Attorneys representing plaintiffs say that design defect suits play an important role in regulating drug manufacturers to ensure that products are safe and that victims are compensated when drugs are dangerous.
“Drug suits are complementary to the FDA’s mission in making drugs safe and effective,” said Keith M. Jensen, of Jensen Associates in Fort Worth, Texas, who has represented plaintiff Karen L. Bartlett since the trial level.
But tort defense attorneys say that design defect claims against generic drug makers, which have been on the rise since the court handed down Mensing, should be preempted just as failure-to-warn cases are. It’s up to the Food and Drug Administration, not members of juries, to decide whether a drug is safe to market, they say. As cases like this one demonstrate, they argue, it is impossible to comply with both, so federal law trumps.

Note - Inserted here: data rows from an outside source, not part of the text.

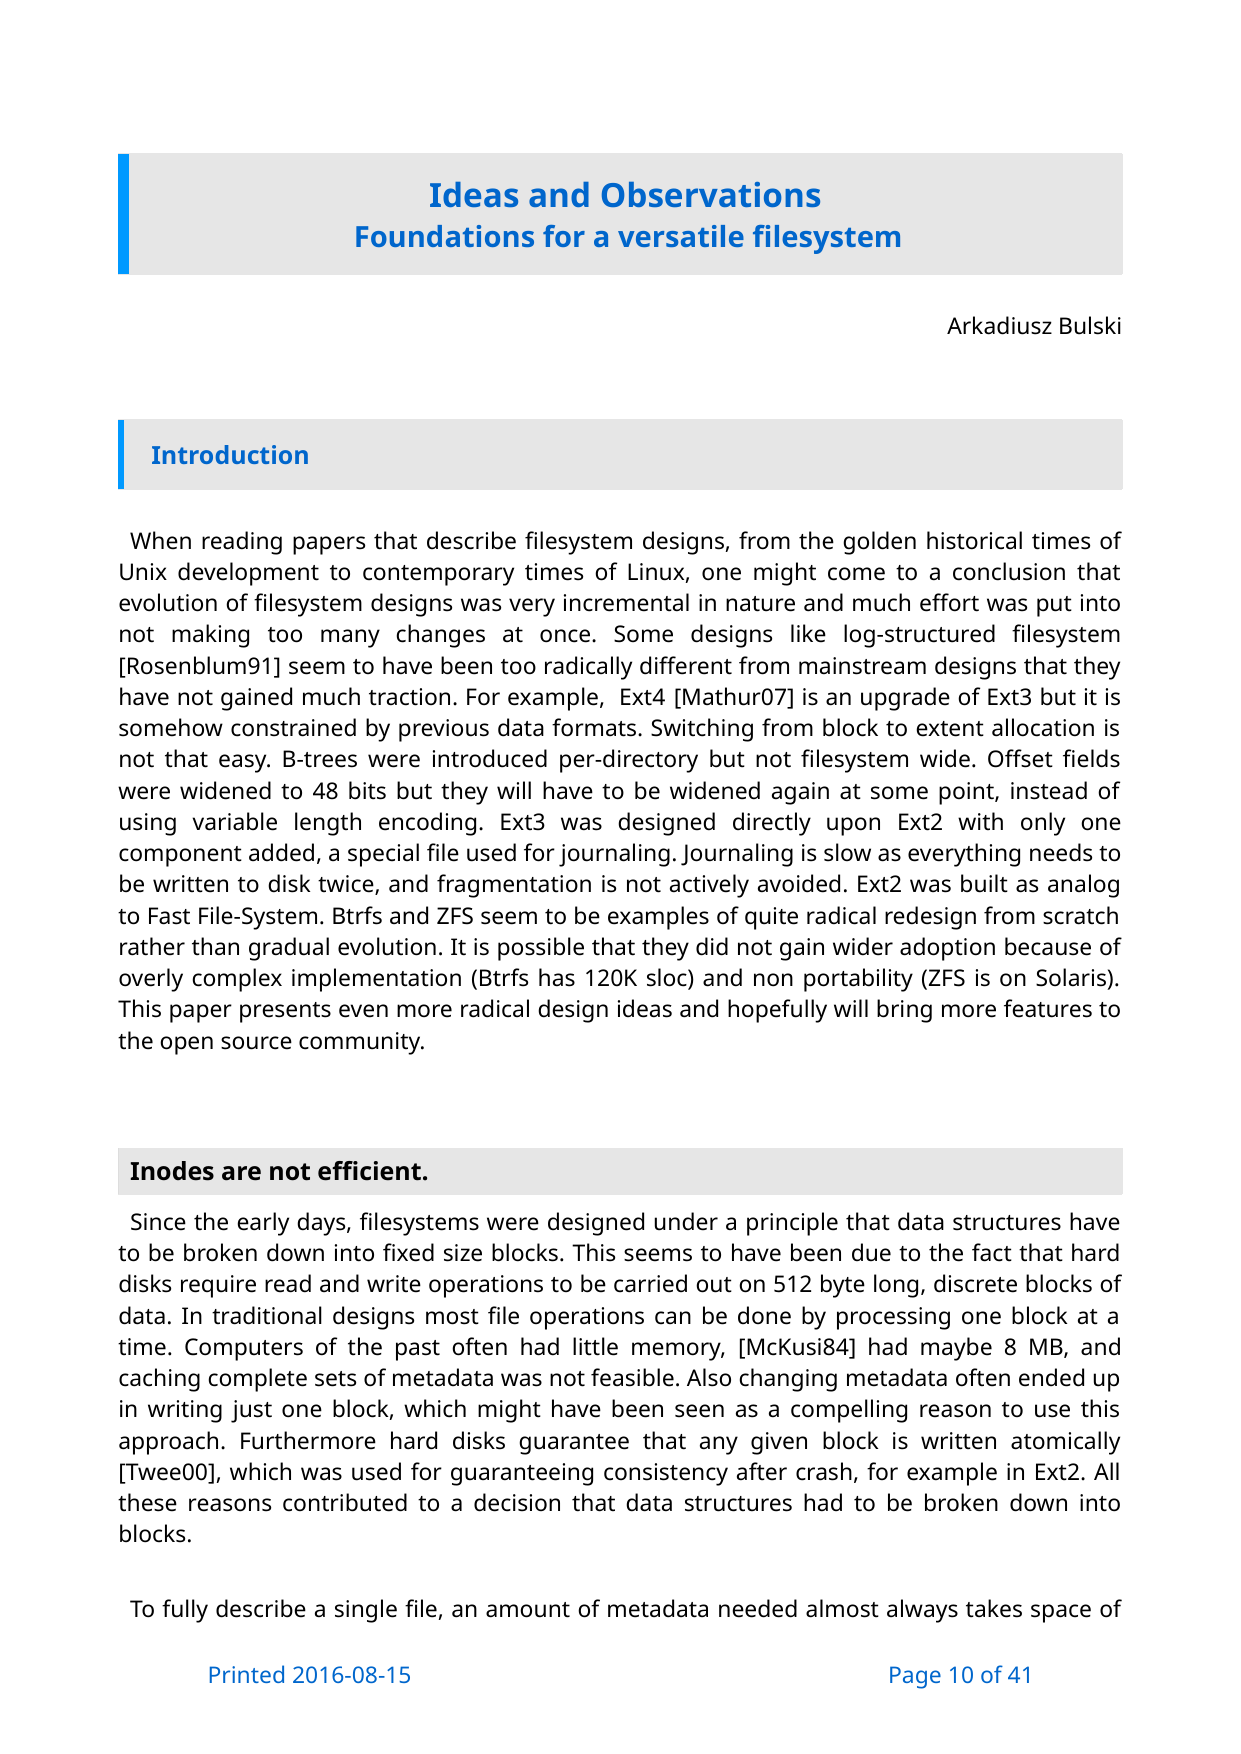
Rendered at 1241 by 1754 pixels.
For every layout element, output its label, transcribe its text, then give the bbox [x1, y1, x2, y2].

subtitle Introduction [124, 421, 1122, 489]
text To fully describe a single file, an amount of metadata needed almost always takes space of [118, 1593, 1122, 1624]
subtitle Inodes are not efficient. [119, 1149, 1122, 1194]
text Arkadiusz Bulski [118, 310, 1122, 341]
subtitle Ideas and Observations Foundations for a versatile filesystem [129, 155, 1122, 274]
text When reading papers that describe filesystem designs, from the golden historical times of Unix development to contemporary times of Linux, one might come to a conclusion that evolution of filesystem designs was very incremental in nature and much effort was put into not making too many changes at once. Some designs like log-structured filesystem [Rosenblum91] seem to have been too radically different from mainstream designs that they have not gained much traction. For example, Ext4 [Mathur07] is an upgrade of Ext3 but it is somehow constrained by previous data formats. Switching from block to extent allocation is not that easy. B-trees were introduced per-directory but not filesystem wide. Offset fields were widened to 48 bits but they will have to be widened again at some point, instead of using variable length encoding. Ext3 was designed directly upon Ext2 with only one component added, a special file used for journaling. Journaling is slow as everything needs to be written to disk twice, and fragmentation is not actively avoided. Ext2 was built as analog to Fast File-System. Btrfs and ZFS seem to be examples of quite radical redesign from scratch rather than gradual evolution. It is possible that they did not gain wider adoption because of overly complex implementation (Btrfs has 120K sloc) and non portability (ZFS is on Solaris). This paper presents even more radical design ideas and hopefully will bring more features to the open source community. [118, 524, 1122, 1056]
text Since the early days, filesystems were designed under a principle that data structures have to be broken down into fixed size blocks. This seems to have been due to the fact that hard disks require read and write operations to be carried out on 512 byte long, discrete blocks of data. In traditional designs most file operations can be done by processing one block at a time. Computers of the past often had little memory, [McKusi84] had maybe 8 MB, and caching complete sets of metadata was not feasible. Also changing metadata often ended up in writing just one block, which might have been seen as a compelling reason to use this approach. Furthermore hard disks guarantee that any given block is written atomically [Twee00], which was used for guaranteeing consistency after crash, for example in Ext2. All these reasons contributed to a decision that data structures had to be broken down into blocks. [118, 1206, 1122, 1549]

“These claims are definitely an attempt to find a way around Mensing,” said James M. Beck, counsel in the Philadelphia office of Reed Smith.
And plaintiffs may be a tougher sell this time around. Unlike in Mensing, when the Justice Department backed the patient as amicus, in Bartlett it is backing the drug company — a move that confounds Jensen.
“The FDA commissioner last week said that the FDA cannot ensure safety,” Jensen said, referring to a speech Commissioner Margaret Hamburg gave in Boston warning of the effect of the federal budget sequester on the agency. “This week they are arguing they are the sole arbiter of that.”
Identical drug, competing standards?
Federal law requires that the design and labeling of generic drugs be materially identical to that of their brand name counterparts. Bartlett, who developed a degenerative skin disease after being given the generic version of the pain reliever Clinoril called sulindac, argues that she should be able to bring drug design defect claims.